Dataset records
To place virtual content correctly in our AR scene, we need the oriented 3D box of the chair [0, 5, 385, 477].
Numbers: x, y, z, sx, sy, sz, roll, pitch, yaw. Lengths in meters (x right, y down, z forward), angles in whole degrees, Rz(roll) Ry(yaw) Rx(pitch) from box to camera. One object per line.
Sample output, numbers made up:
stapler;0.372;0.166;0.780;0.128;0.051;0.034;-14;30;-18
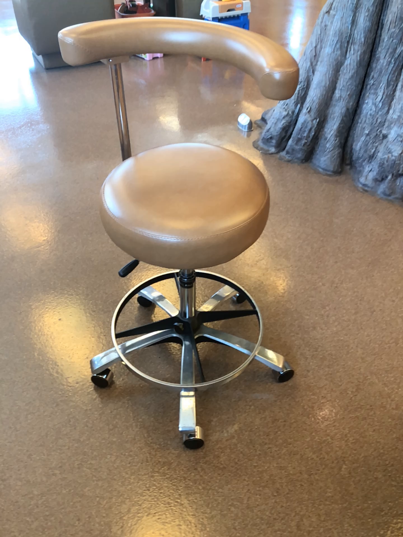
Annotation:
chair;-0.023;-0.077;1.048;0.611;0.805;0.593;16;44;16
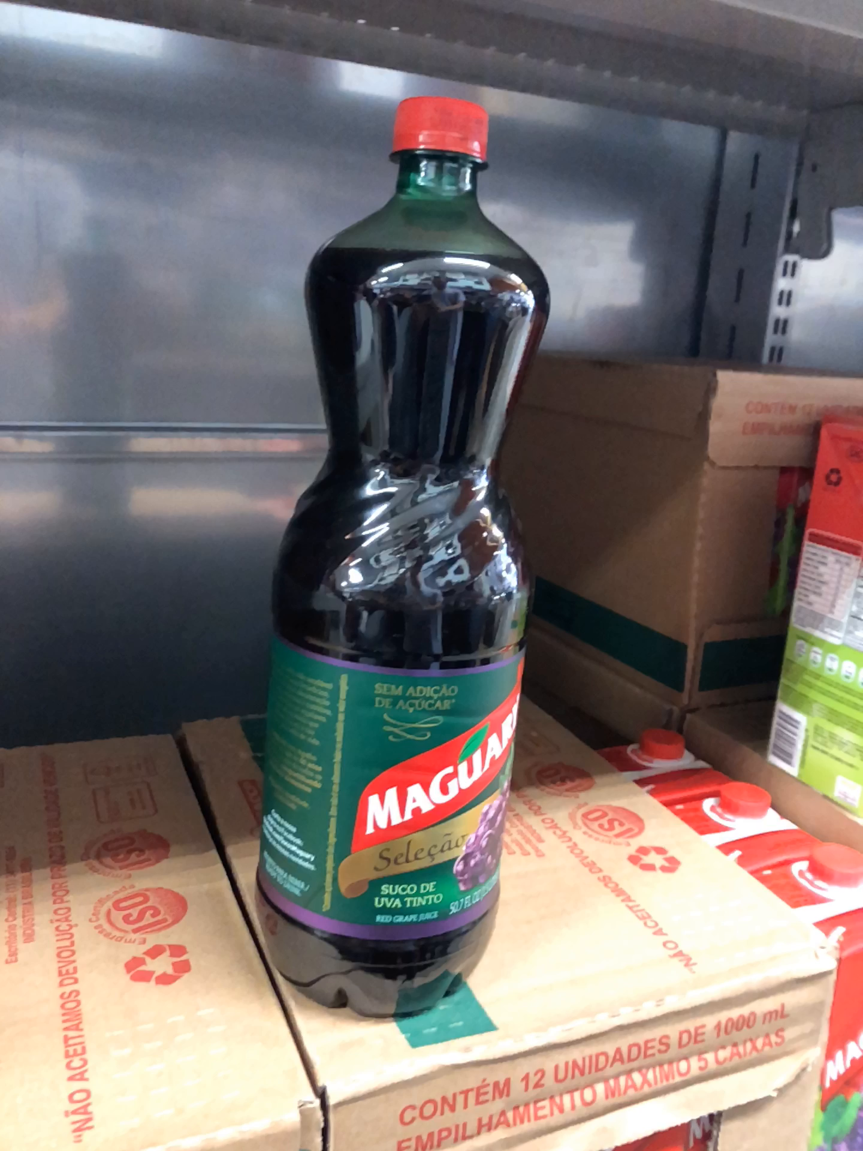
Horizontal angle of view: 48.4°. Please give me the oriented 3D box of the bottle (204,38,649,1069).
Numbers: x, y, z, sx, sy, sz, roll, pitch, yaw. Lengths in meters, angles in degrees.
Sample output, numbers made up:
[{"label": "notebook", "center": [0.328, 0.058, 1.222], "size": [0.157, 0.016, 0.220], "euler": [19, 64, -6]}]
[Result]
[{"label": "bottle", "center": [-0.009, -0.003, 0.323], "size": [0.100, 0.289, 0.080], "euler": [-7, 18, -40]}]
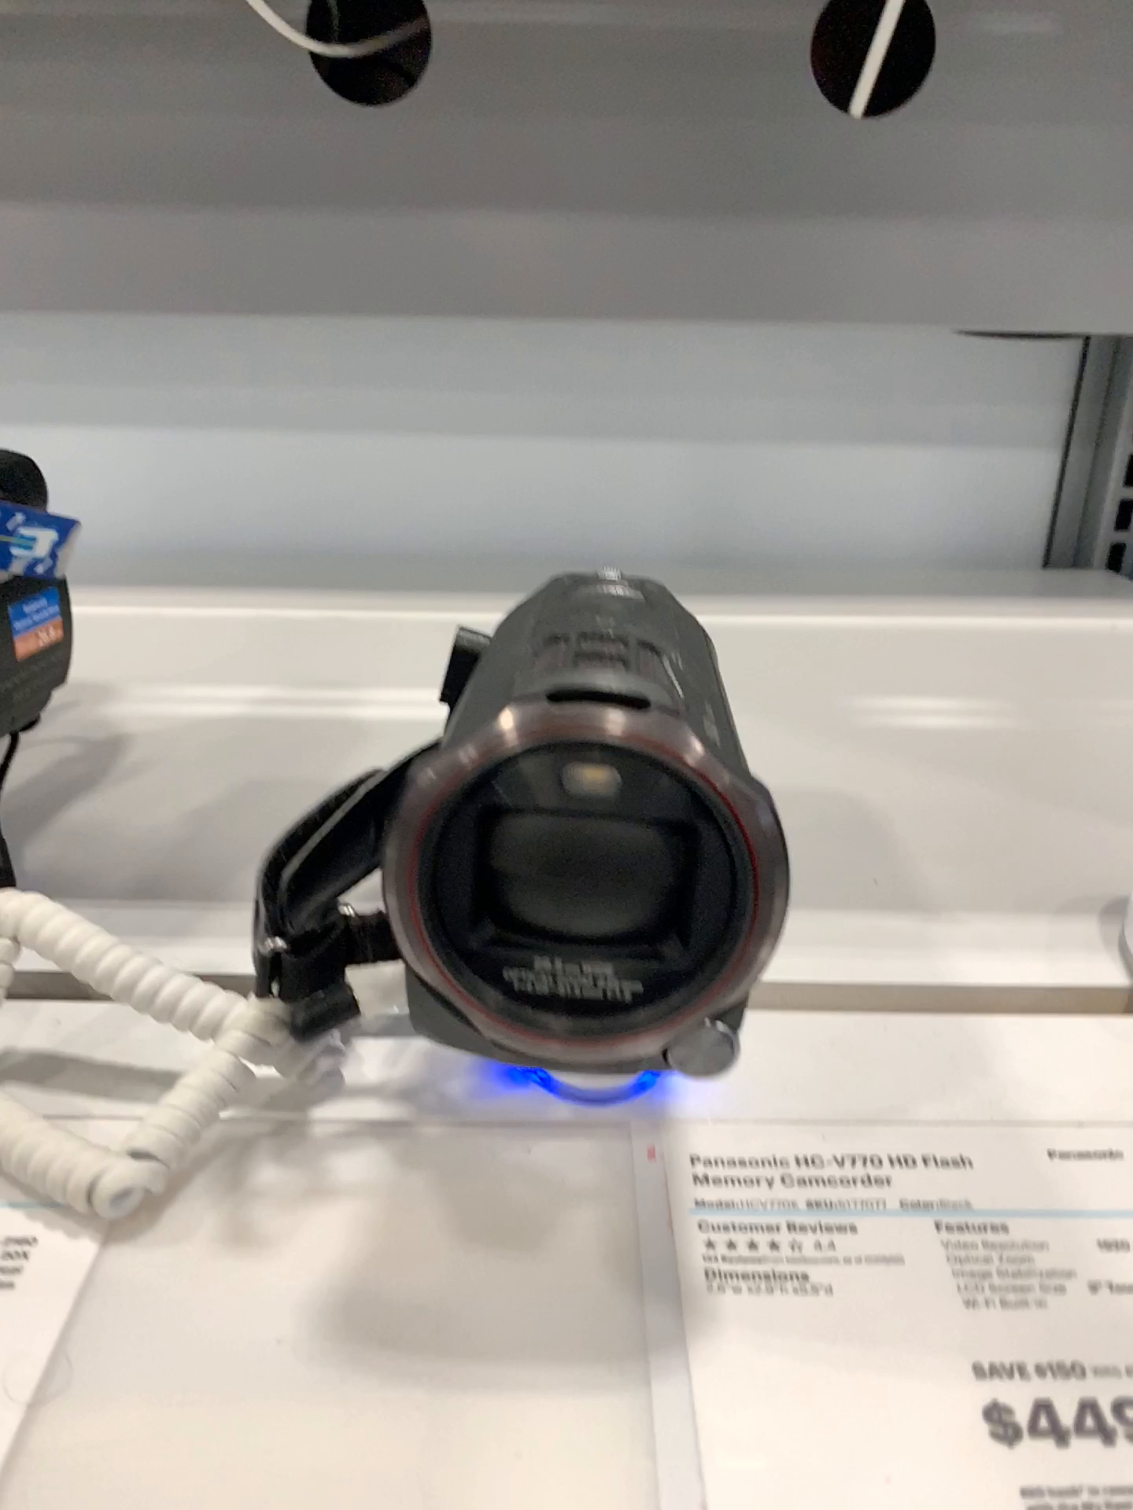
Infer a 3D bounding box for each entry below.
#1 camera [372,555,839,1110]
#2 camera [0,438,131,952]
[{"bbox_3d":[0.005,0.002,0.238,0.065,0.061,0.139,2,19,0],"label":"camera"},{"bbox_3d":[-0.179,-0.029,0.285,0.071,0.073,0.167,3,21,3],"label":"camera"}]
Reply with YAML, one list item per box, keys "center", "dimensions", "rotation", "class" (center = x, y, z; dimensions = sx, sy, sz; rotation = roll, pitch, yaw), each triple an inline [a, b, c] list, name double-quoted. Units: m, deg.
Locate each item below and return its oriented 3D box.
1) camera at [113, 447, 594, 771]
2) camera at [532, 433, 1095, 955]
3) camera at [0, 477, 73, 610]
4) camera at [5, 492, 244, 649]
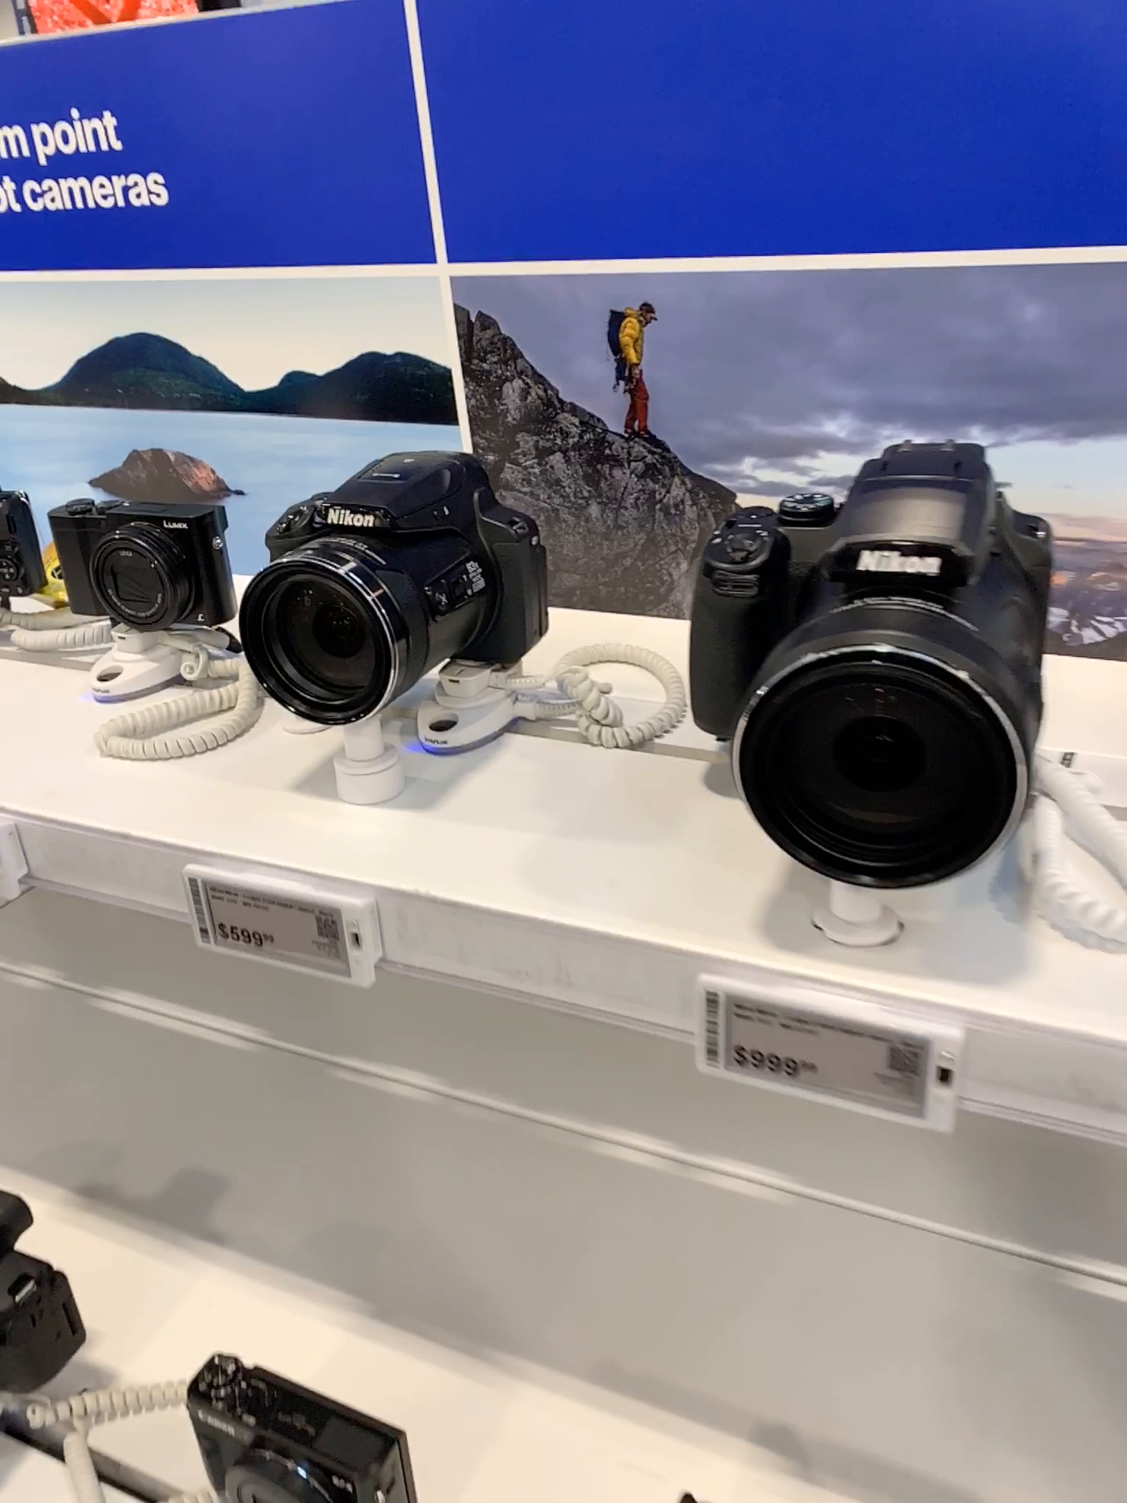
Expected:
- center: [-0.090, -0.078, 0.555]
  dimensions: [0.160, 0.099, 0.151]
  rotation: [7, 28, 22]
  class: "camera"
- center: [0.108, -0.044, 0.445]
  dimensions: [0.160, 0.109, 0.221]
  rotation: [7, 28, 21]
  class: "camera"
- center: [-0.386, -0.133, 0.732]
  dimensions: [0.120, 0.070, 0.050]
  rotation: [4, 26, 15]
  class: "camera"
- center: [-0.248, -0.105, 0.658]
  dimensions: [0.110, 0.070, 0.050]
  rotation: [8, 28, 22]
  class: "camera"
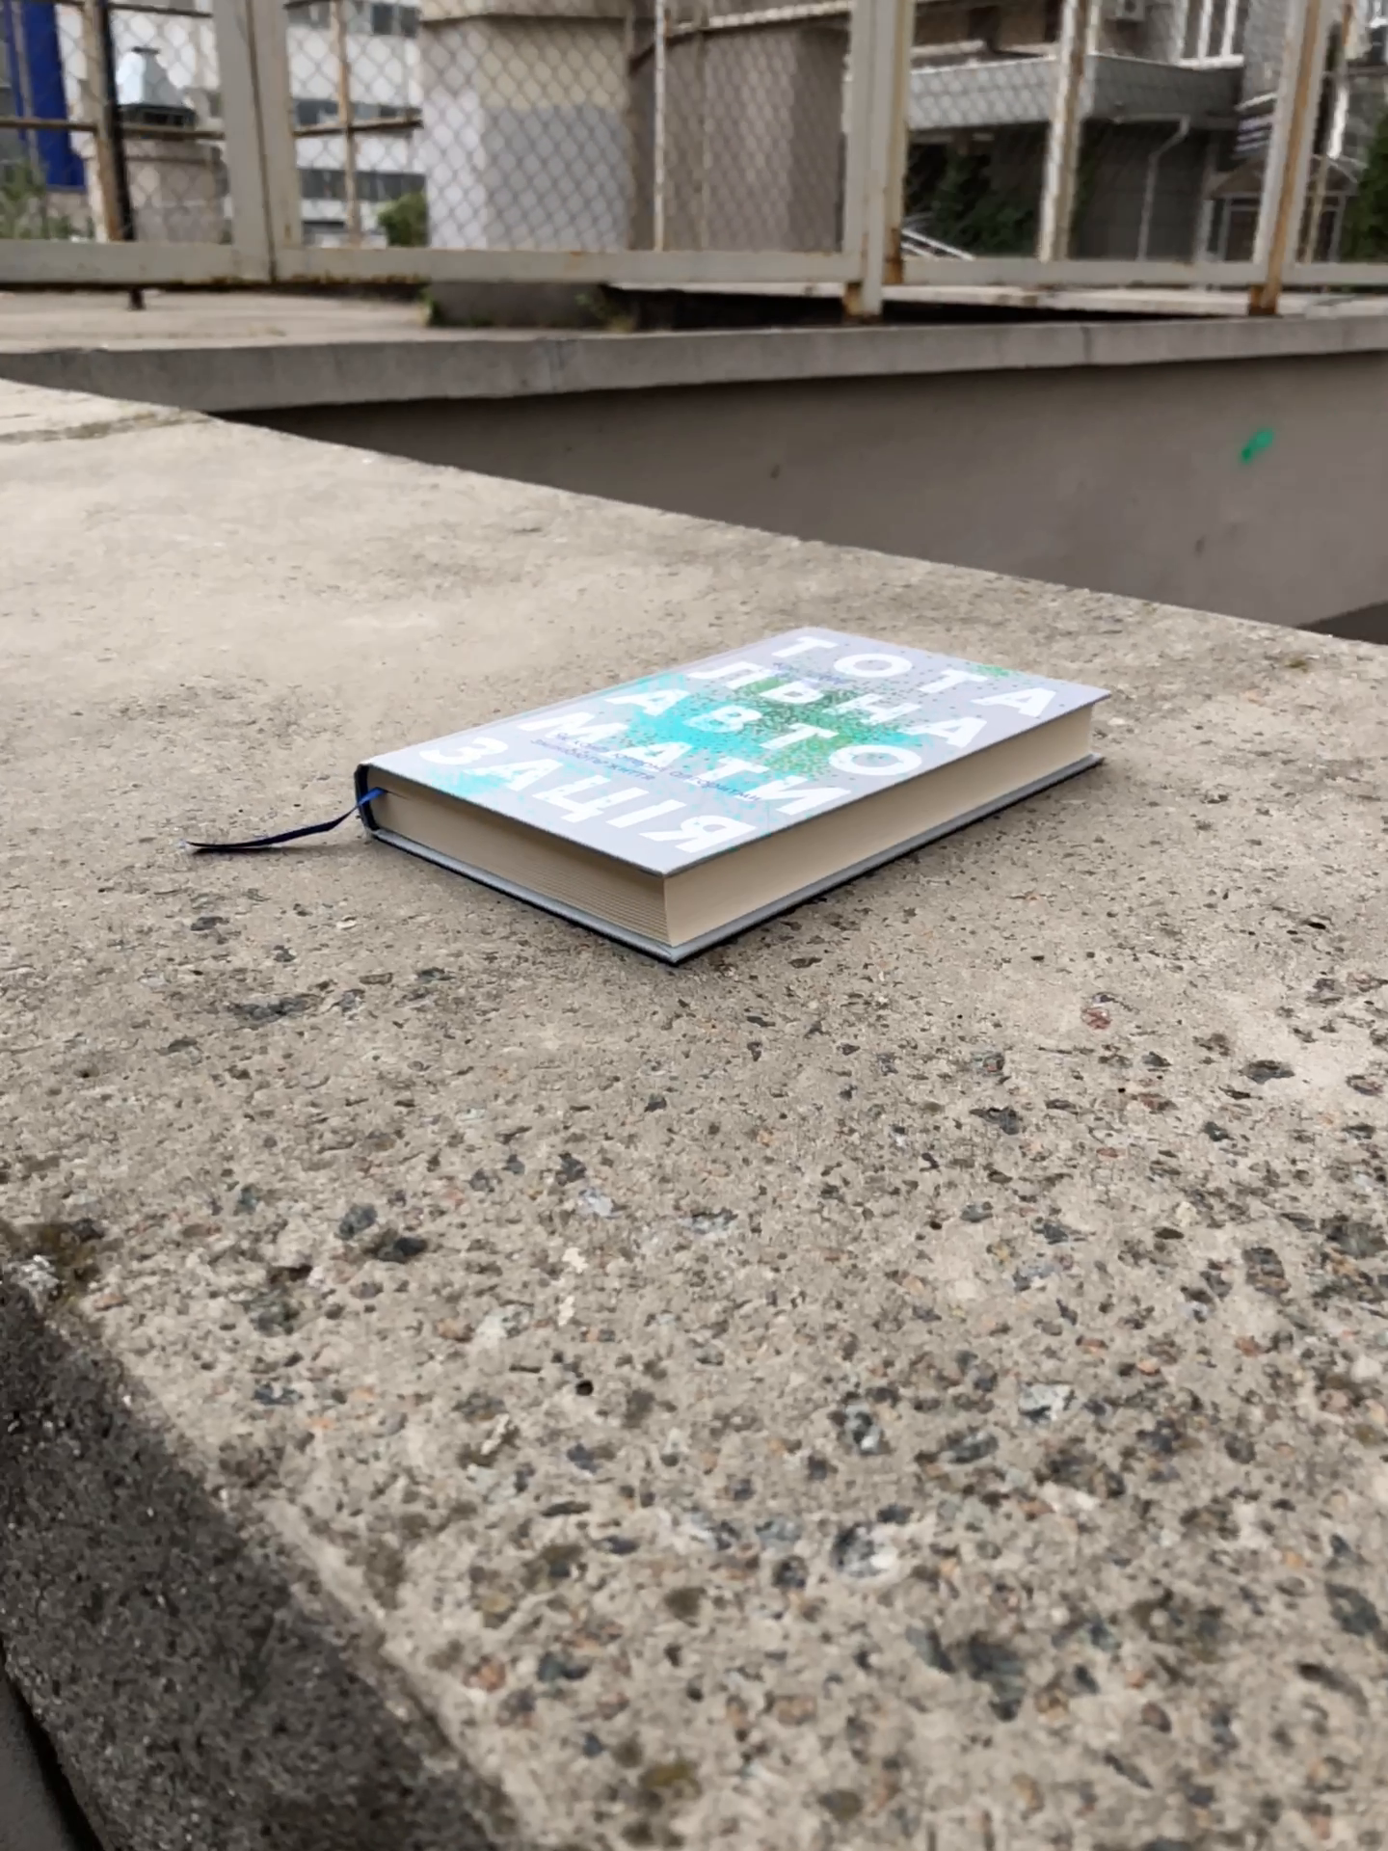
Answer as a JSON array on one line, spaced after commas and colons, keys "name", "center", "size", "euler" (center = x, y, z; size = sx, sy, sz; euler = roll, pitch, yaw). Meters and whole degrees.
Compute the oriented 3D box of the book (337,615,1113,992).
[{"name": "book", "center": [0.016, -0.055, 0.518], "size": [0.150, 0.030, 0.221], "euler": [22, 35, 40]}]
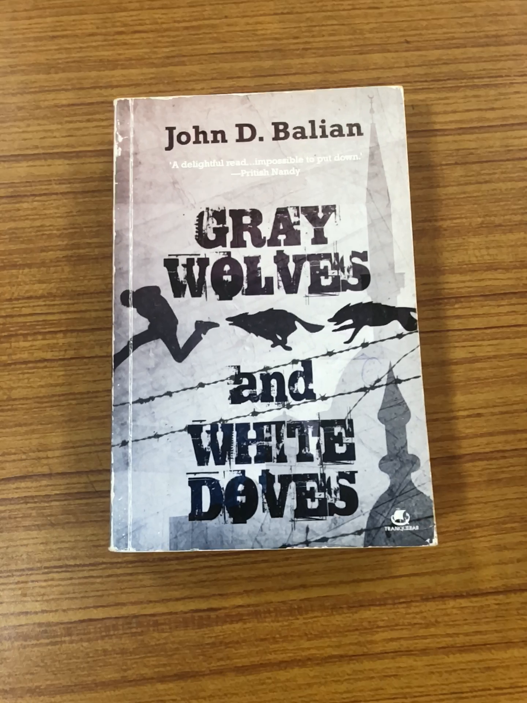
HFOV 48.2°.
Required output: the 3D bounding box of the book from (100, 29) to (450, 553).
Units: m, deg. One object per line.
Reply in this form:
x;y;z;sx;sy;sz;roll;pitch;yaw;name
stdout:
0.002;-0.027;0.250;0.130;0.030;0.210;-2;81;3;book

**PROBLEM DETAILS:** Your task is an exact transcription of all the data, minus the pictures.

**ANSWER FOR THE TASK:**
To place virtual content correctly in our AR scene, we need the oriented 3D box of the chair [0, 5, 385, 477].
Numbers: x, y, z, sx, sy, sz, roll, pitch, yaw. Lengths in meters (x right, y down, z forward), angles in whole degrees, Rz(roll) Ry(yaw) Rx(pitch) from box to camera. One object per line.
Sample output, numbers made up:
stapler;0.372;0.166;0.780;0.128;0.051;0.034;-14;30;-18
Annotation:
chair;-0.023;-0.077;1.048;0.611;0.805;0.593;16;44;16
Horizontal angle of view: 48.4°. Please give me the oriented 3D box of the bottle (204,38,649,1069).
Numbers: x, y, z, sx, sy, sz, roll, pitch, yaw. Lengths in meters, angles in degrees.
Sample output, numbers made up:
[{"label": "notebook", "center": [0.328, 0.058, 1.222], "size": [0.157, 0.016, 0.220], "euler": [19, 64, -6]}]
[Result]
[{"label": "bottle", "center": [-0.009, -0.003, 0.323], "size": [0.100, 0.289, 0.080], "euler": [-7, 18, -40]}]
Infer a 3D bounding box for each entry below.
#1 camera [372,555,839,1110]
#2 camera [0,438,131,952]
[{"bbox_3d":[0.005,0.002,0.238,0.065,0.061,0.139,2,19,0],"label":"camera"},{"bbox_3d":[-0.179,-0.029,0.285,0.071,0.073,0.167,3,21,3],"label":"camera"}]
Reply with YAML, one list item per box, keys "center", "dimensions", "rotation", "class" (center = x, y, z; dimensions = sx, sy, sz; rotation = roll, pitch, yaw), each triple an inline [a, b, c] list, name double-quoted. Units: m, deg.
Locate each item below and return its oriented 3D box.
1) camera at [113, 447, 594, 771]
2) camera at [532, 433, 1095, 955]
3) camera at [0, 477, 73, 610]
4) camera at [5, 492, 244, 649]
Expected:
- center: [-0.090, -0.078, 0.555]
  dimensions: [0.160, 0.099, 0.151]
  rotation: [7, 28, 22]
  class: "camera"
- center: [0.108, -0.044, 0.445]
  dimensions: [0.160, 0.109, 0.221]
  rotation: [7, 28, 21]
  class: "camera"
- center: [-0.386, -0.133, 0.732]
  dimensions: [0.120, 0.070, 0.050]
  rotation: [4, 26, 15]
  class: "camera"
- center: [-0.248, -0.105, 0.658]
  dimensions: [0.110, 0.070, 0.050]
  rotation: [8, 28, 22]
  class: "camera"
Answer as a JSON array on one line, spaced after commas and colons, keys "name", "center", "size", "euler" (center = x, y, z; size = sx, sy, sz; euler = roll, pitch, yaw). Meters and whole degrees.
Compute the oriented 3D box of the book (337,615,1113,992).
[{"name": "book", "center": [0.016, -0.055, 0.518], "size": [0.150, 0.030, 0.221], "euler": [22, 35, 40]}]
HFOV 48.2°.
Required output: the 3D bounding box of the book from (100, 29) to (450, 553).
Units: m, deg. One object per line.
Reply in this form:
x;y;z;sx;sy;sz;roll;pitch;yaw;name
stdout:
0.002;-0.027;0.250;0.130;0.030;0.210;-2;81;3;book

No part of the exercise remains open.